L’accès au Coran, aux recueils de hadiths et aux traditions prophétiques ne sera que plus aisé via les sciences humaines et sociales. La philosophie, la sociologie ou l’histoire ancienne ne sont pas des disciplines élitistes mais bien des grilles de lecture du monde indispensables pour se rapprocher des textes islamiques, se former une attitude mentale propice à la compréhension des contextes de production, à la contextualisation des évènements. Cet élargissement des horizons intellectuels permettrait de se forger des outils pour atteindre la réflexivité, cette entreprise de connaissance de soi, cette posture consistant à porter un regard critique sur sa vie, sur les fondements de ses croyances. N’est-ce pas la voie vers la finalité suprême comme le suggère cette sagesse islamique bien connue : « Qui se connait, connait son seigneur » ?

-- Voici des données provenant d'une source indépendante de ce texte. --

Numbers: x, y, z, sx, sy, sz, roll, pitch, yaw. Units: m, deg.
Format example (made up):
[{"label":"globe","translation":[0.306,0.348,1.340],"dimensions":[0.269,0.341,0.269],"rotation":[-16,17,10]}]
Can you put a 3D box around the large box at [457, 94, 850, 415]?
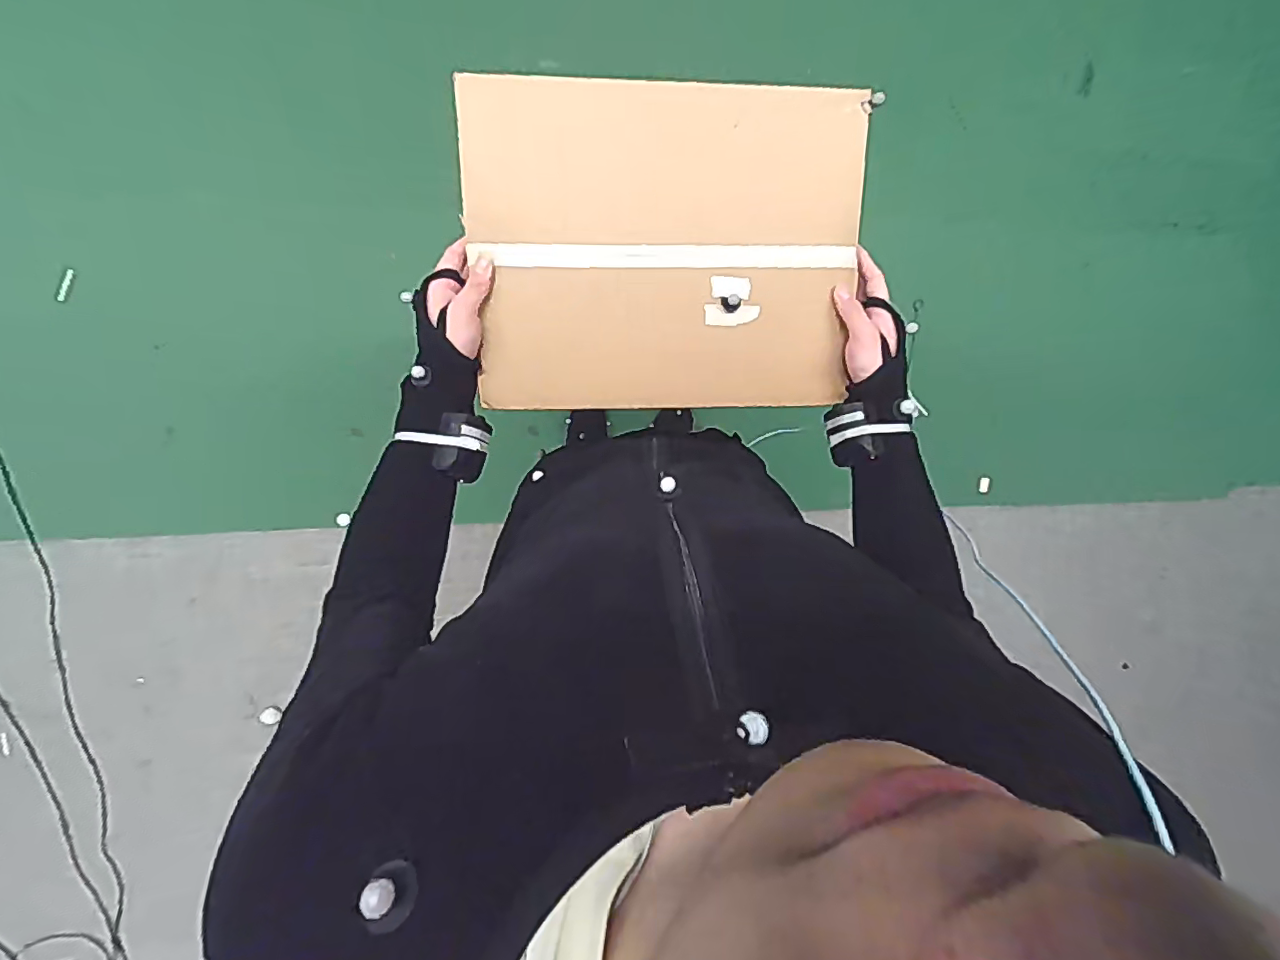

La fin du pèlerinage est propice au bilan. Médine se prête aux résolutions. La mienne est simple. Bien que conscient des déterminismes sociaux et de leurs effets d’enfermement sur les individus, il m’est indispensable, en tant que musulman, et enseignant, de méditer quotidiennement ce qu’écrit Jacques Rancière sur l’égalité de l’intelligence dans Le maître ignorant. Cinq leçons sur l’émancipation intellectuelle : « Qui enseigne sans émanciper abrutit. Et qui émancipe n’a pas à se préoccuper de ce que l’émancipé doit apprendre (…) L’ignorant apprendra seul ce que le maître ignore si le maître croit qu’il le peut et l’oblige à actualiser sa capacité ».